**ACTIVITY:**
From the first line of the data down to and including the line with "text Forse per", copy everything exactly, leaving out pictures.

**RECORDS SHOWN:**
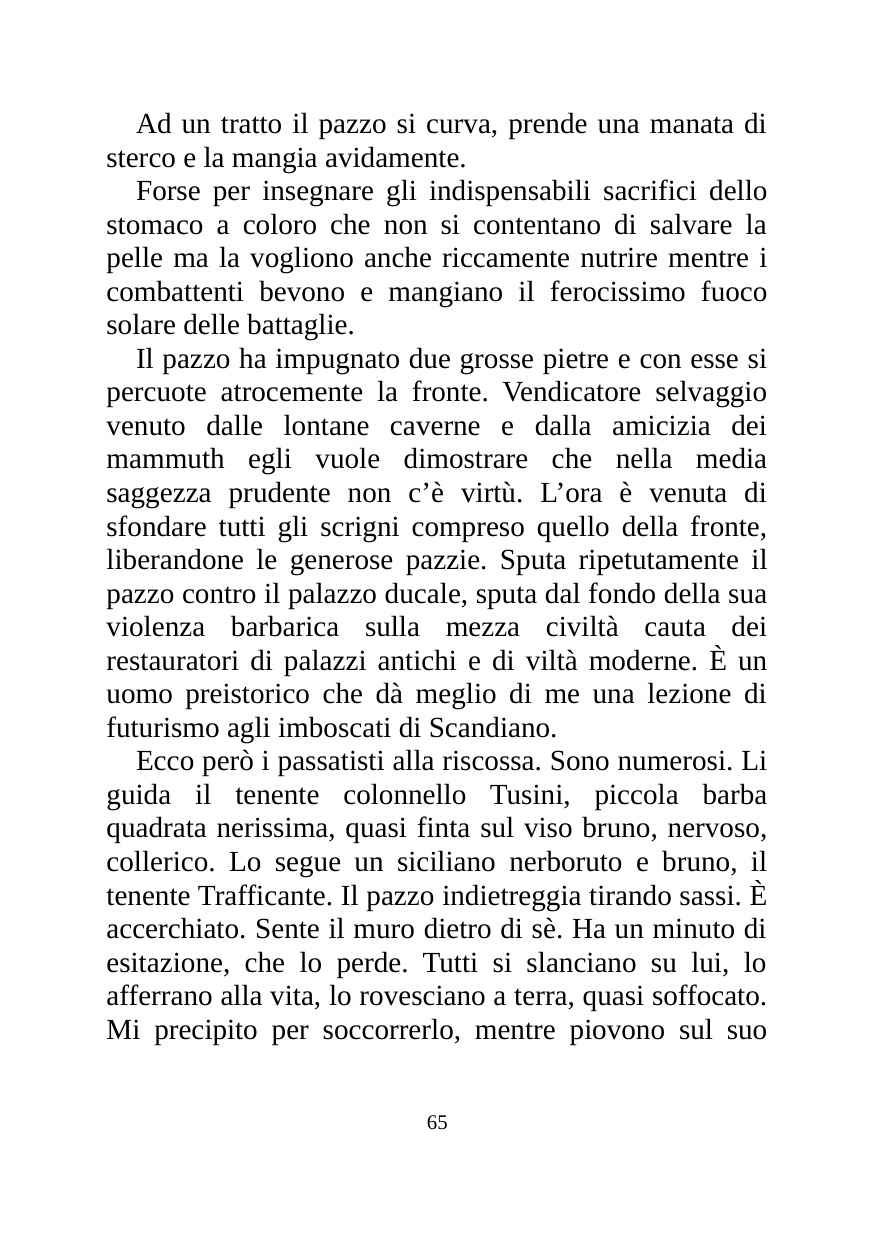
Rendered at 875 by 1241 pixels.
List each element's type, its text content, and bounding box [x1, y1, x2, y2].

text Ad un tratto il pazzo si curva, prende una manata di sterco e la mangia avidamente. [106, 106, 768, 173]
text Il pazzo ha impugnato due grosse pietre e con esse si percuote atrocemente la fronte. Vendicatore selvaggio venuto dalle lontane caverne e dalla amicizia dei mammuth egli vuole dimostrare che nella media saggezza prudente non c’è virtù. L’ora è venuta di sfondare tutti gli scrigni compreso quello della fronte, liberandone le generose pazzie. Sputa ripetutamente il pazzo contro il palazzo ducale, sputa dal fondo della sua violenza barbarica sulla mezza civiltà cauta dei restauratori di palazzi antichi e di viltà moderne. È un uomo preistorico che dà meglio di me una lezione di futurismo agli imboscati di Scandiano. [106, 341, 768, 743]
text Forse per insegnare gli indispensabili sacrifici dello stomaco a coloro che non si contentano di salvare la pelle ma la vogliono anche riccamente nutrire mentre i combattenti bevono e mangiano il ferocissimo fuoco solare delle battaglie. [106, 173, 768, 341]
text Ecco però i passatisti alla riscossa. Sono numerosi. Li guida il tenente colonnello Tusini, piccola barba quadrata nerissima, quasi finta sul viso bruno, nervoso, collerico. Lo segue un siciliano nerboruto e bruno, il tenente Trafficante. Il pazzo indietreggia tirando sassi. È accerchiato. Sente il muro dietro di sè. Ha un minuto di esitazione, che lo perde. Tutti si slanciano su lui, lo afferrano alla vita, lo rovesciano a terra, quasi soffocato. Mi precipito per soccorrerlo, mentre piovono sul suo [106, 743, 768, 1045]

**ANSWER AREA:**
Rendered at 875 by 1241 pixels.
List each element's type, its text content, and bounding box [x1, y1, x2, y2].

text Ad un tratto il pazzo si curva, prende una manata di sterco e la mangia avidamente. [106, 106, 768, 173]
text Il pazzo ha impugnato due grosse pietre e con esse si percuote atrocemente la fronte. Vendicatore selvaggio venuto dalle lontane caverne e dalla amicizia dei mammuth egli vuole dimostrare che nella media saggezza prudente non c’è virtù. L’ora è venuta di sfondare tutti gli scrigni compreso quello della fronte, liberandone le generose pazzie. Sputa ripetutamente il pazzo contro il palazzo ducale, sputa dal fondo della sua violenza barbarica sulla mezza civiltà cauta dei restauratori di palazzi antichi e di viltà moderne. È un uomo preistorico che dà meglio di me una lezione di futurismo agli imboscati di Scandiano. [106, 341, 768, 743]
text Forse per insegnare gli indispensabili sacrifici dello stomaco a coloro che non si contentano di salvare la pelle ma la vogliono anche riccamente nutrire mentre i combattenti bevono e mangiano il ferocissimo fuoco solare delle battaglie. [106, 173, 768, 341]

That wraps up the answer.